I built up this blog to write about the work of photographers I really admire but I guess it would be nice to share an anecdote with you friends so you can get to know me better. So, I hope y´all like it. He we go!
THE DAY I SAW JAMES HETFIELD SMILING IN THE BACKSEAT
As soon as I step into the so-called "Third Press-van" I know it´s gonna be a long trip. Not because it is rush hour in Caracas, or because the drivers of the white vans (there are three of them) are standing away from the vehicles receiving instructions from a 19 years old girl who thinks she´s the queen of the galaxy. It is because I’ve been sent to a van where some (not all of them) passengers are known for their big egos, rather than for their work.
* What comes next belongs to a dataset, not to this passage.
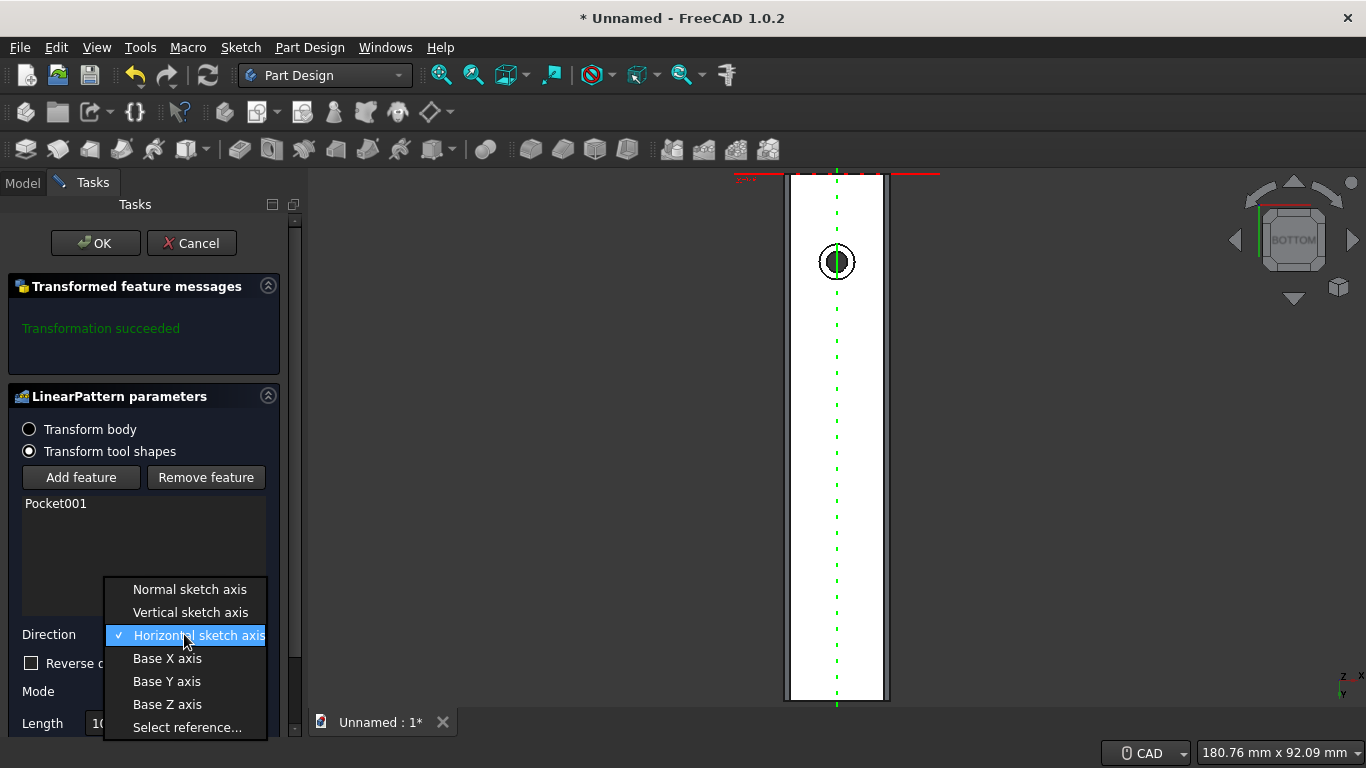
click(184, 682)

The so-called "bad boys reporters" of music and entertainments are chattering loud and clear about some groups they discovered on youtube. Serge Gainsbourg is singing loud in my IPod but I can´t remember if he is singing “Initials BB” or “L'Homme A Tete De Chou”. I move carefully to not touch or throw some TV cameras and cokes inconveniently placed along the corridor and I finally make my way to the nearest seat available. Seated next to me, a photographer I’ve met probably 3 years ago welcomes me and we shake hands. After some daily bases questions, such as "how you doing?" / "what camera did you brought today?" / "do you work this weekend?" and "Hey, I saw you on TV taking a photo in the National Assembly or was it covering a riot?" I feel more comfortable in the Van.
I realize that a freelance reporter for the Latin American issue of the Rolling Stone Magazine is seated in front of me (That´s what he says). The reporter starts yakking about U2, Red Hot Chili Peppers, Jimi Hendrix, Pete Townshend, John Frusciante, Jack White, Meg White, Shakira and some others guitars players, he is sounding off like he had read all this stuff the night before. I can hear the last lyrics of “Five Years” by David Bowie and I turn down the volume. I try to start a conversation with the photographer next to me, asking him about a photo he took a couple of days ago that I recently saw published in the newspaper, but the rolling stone guy keeps yakking to the whole Van about U2. He giggles as he ask; -"how come everyone likes U2?. U2 is like one of those bands that everyone loves even when they don´t know why!" he laughs and acts like he´s thinking waiting for an answer. Some people laugh and others ignore him brutally. A few seconds later I can hear one of the drivers whistling and calling the other two drivers. It´s almost 6 o´ clock and I want to get out of the Eastside. I’m about to see one of my all times favorite band and I don´t want to be late.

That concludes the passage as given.